En surface, Christine Guinard
En surface, éd. Eléments de Langage, mars 2017, 64 pages, 12 €
Ecrivain(s): Christine Guinard
Suspendez votre temps terrestre, délaissez les ornières de la politique discriminatoire et prêtez les sens à cette météorite poétique, l’une de celles qui m’ont le plus marqué – et durablement – ces dernières années.
Plongée poétique
« En surface explore la puissance irradiante du jeu de l’enfant » peut-on lire au coin de l’une des dernières pages de cet OVNI-livret lunaire, à mi-chemin entre le livre pour enfants, justement, qu’on feuillette au gré des pensées du jour ou de la nuit, « au gré des courants d’images revenues », fabuleux terrain d’exploration des formes langagières et matérielles, toujours en mouvement puisqu’« il est métamorphoses », et du conte poético-initiatique, chaque mot-fragment déposé-comme-abandonné-flottant sur la ruine aux relents de houille de Rorschach devenant par l’alchimie du verbe de Christine Guinard et des peintures d’Elina Salminen le jalon d’un parcours des sens, au cours duquel briques, fenêtres, cailloux, lumières prennent leur pleine et entière sensualité comme si, tel que Sartre le conceptualisait, la poésie consistait bel et bien à choisir les mots pour leur ressemblance avec les choses.

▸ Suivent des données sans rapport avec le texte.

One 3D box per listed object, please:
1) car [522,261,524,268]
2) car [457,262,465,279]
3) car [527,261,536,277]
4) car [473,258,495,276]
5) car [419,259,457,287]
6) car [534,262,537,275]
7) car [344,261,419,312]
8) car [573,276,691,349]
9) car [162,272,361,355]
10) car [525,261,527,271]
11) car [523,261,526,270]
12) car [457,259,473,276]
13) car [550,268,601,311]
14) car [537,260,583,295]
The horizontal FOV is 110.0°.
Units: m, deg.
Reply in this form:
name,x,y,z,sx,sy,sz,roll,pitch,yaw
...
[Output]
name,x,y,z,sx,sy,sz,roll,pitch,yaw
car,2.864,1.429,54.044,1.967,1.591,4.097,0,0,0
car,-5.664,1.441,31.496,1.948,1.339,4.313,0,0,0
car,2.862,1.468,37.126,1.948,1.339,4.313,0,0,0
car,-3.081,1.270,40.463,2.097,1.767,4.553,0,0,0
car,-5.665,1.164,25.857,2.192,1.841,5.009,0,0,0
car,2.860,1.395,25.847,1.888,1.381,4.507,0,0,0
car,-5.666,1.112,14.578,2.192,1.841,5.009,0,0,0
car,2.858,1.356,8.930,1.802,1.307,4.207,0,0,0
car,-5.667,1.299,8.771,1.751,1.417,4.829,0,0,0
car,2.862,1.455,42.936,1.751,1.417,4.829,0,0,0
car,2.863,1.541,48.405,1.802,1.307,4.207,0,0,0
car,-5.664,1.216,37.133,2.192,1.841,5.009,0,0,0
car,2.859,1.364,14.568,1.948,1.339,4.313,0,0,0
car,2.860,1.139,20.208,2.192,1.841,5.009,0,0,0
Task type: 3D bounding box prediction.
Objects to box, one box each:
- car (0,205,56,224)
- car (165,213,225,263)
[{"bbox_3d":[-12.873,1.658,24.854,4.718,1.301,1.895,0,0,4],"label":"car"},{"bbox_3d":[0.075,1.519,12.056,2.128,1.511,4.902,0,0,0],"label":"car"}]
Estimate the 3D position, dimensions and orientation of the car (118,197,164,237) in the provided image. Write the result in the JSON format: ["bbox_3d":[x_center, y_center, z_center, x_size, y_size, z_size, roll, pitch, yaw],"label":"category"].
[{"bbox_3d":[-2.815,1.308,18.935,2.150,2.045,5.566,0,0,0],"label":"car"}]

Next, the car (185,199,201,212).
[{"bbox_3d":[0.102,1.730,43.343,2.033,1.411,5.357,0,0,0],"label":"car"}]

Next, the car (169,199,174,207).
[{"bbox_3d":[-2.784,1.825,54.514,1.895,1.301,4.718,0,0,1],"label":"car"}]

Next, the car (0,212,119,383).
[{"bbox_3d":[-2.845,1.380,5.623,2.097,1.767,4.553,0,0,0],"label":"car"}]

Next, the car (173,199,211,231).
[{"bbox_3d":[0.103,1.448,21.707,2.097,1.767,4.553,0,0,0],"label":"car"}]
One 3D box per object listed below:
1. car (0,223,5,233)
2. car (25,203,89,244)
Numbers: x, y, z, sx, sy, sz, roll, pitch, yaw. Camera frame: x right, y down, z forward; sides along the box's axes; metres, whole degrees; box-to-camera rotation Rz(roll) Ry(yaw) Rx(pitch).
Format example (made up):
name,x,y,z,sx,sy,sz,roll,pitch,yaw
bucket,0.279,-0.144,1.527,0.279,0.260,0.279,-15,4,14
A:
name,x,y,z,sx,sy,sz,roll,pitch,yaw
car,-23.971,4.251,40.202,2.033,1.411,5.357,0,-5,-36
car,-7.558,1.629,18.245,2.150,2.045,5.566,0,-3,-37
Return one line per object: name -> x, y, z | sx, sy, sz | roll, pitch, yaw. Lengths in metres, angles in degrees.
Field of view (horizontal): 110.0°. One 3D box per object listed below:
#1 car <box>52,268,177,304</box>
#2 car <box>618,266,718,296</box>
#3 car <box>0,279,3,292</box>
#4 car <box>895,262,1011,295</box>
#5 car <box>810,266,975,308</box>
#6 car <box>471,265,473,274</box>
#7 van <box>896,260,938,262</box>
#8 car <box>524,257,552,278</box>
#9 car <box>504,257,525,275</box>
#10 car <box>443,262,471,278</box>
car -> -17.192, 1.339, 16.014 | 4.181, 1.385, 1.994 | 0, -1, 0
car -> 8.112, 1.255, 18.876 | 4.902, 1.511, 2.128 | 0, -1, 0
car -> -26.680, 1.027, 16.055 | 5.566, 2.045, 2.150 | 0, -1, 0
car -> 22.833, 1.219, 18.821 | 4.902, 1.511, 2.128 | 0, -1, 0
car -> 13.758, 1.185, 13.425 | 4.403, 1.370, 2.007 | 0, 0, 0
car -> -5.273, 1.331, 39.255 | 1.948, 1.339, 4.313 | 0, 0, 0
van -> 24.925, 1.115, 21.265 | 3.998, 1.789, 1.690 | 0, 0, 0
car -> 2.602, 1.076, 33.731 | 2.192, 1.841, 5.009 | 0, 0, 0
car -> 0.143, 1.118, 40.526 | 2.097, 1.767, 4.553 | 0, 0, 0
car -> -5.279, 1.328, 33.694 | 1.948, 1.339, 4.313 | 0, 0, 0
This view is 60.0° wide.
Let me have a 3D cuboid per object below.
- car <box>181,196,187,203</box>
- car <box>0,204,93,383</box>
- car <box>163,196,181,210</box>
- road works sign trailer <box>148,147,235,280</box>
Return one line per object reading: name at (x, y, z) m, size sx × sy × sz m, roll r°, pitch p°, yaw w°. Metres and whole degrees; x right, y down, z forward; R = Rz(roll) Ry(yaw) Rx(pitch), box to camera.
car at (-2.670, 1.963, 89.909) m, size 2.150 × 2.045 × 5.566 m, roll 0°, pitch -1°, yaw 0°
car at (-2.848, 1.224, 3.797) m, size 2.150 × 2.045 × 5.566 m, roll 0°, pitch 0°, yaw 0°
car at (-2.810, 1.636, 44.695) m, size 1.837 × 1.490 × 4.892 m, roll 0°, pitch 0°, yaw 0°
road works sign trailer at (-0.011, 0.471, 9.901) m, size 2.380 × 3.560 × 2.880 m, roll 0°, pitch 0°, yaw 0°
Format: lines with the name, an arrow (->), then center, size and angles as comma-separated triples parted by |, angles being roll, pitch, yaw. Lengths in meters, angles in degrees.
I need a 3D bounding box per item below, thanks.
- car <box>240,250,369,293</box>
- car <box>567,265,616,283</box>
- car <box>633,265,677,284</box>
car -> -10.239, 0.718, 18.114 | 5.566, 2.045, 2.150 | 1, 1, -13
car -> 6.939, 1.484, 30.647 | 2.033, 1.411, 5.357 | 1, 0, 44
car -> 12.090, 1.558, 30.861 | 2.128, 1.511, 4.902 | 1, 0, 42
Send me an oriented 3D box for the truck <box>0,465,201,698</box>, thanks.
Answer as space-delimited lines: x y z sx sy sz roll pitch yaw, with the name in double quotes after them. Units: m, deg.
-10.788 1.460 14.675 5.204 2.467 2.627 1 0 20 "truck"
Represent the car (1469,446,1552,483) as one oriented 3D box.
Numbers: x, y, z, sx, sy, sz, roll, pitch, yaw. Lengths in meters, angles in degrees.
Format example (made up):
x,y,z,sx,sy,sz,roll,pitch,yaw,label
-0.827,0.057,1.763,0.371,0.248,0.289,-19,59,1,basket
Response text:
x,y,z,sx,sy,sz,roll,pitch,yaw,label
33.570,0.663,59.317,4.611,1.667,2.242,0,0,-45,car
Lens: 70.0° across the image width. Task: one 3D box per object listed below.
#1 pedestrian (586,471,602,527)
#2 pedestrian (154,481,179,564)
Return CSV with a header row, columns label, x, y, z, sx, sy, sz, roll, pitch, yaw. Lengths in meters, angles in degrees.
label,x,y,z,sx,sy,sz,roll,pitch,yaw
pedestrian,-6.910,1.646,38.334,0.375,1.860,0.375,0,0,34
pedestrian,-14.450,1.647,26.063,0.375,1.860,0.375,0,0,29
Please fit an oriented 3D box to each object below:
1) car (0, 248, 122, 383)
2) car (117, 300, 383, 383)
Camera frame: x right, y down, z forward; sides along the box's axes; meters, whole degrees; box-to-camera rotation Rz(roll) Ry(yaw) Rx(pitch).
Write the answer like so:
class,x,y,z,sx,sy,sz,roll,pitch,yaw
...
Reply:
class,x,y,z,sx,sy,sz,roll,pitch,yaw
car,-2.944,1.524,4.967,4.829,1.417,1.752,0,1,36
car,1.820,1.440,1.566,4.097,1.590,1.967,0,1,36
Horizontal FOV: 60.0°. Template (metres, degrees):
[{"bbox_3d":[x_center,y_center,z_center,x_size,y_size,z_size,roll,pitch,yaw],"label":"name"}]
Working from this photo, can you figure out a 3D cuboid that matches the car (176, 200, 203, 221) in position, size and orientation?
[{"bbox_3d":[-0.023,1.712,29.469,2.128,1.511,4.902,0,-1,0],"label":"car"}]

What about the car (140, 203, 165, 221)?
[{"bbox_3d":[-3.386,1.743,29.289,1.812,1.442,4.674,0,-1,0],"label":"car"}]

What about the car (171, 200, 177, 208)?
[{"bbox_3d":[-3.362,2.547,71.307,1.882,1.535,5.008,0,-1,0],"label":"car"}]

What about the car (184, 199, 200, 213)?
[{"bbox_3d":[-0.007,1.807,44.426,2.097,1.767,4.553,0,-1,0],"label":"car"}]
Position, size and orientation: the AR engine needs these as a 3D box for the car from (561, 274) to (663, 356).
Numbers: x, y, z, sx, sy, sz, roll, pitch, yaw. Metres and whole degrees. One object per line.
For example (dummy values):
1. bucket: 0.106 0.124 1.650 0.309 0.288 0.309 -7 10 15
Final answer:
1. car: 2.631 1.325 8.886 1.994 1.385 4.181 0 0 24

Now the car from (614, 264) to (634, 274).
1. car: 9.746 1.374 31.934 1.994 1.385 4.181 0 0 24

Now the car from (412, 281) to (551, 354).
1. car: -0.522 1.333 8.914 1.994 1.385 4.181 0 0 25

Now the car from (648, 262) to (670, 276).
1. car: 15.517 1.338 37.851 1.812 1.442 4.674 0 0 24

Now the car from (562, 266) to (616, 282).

Le village prend vie d’un souffle vierge, pur, tout est sensation, plus rien n’est évidence ni raison, les syntagmes sont dispersés, disloqués comme peut l’être le regard d’un enfant, raccrochant ses visions à ses mots, simples et vrais. Mais sur les arabesques à peine ébauchées affleurent quelques interrogations sur la nature humaine, puisque rien ne fait immédiatement sens, sous la chaleur accablante surplombant le clocher, à travers cette lumière tant recherchée par l’enfant : pourquoi ces hommes et leurs tristes conversations, leurs dialogues avortés, leurs rendez-vous ratés, incomplets, leur creux d’être au milieu de cette nature pleine et rayonnante où s’ébattent les mouettes au-dessus d’un pays plat, où le jeu d’un enfant prêt à s’envoler « infiltre » toutes choses et fait d’un petit bout de roche un caillou-camarade ?
Dans ce labyrinthe frangé de mots-microcosmes, nous suivons le cheminement d’un ange qui « RAYONNE » plus qu’un soleil et transmet son rayonnement par-delà le gris des feuilles tournées-tombées. Une (re)découverte du monde des choses, un brin de Ponge qui, lui aussi, ne dédaignait pas de faire parler ces muets incompris que sont les objets, mais aussi et surtout l’immersion au cœur même de la fabrique des sensations où, d’une essentielle naïveté, entre la « chaleur inconditionnelle » du soleil et les envolées des mouettes qui « exagèrent » se tisse le fil ténu d’un être-au-monde commun : celui de l’homme en quête de soi à travers l’Autre.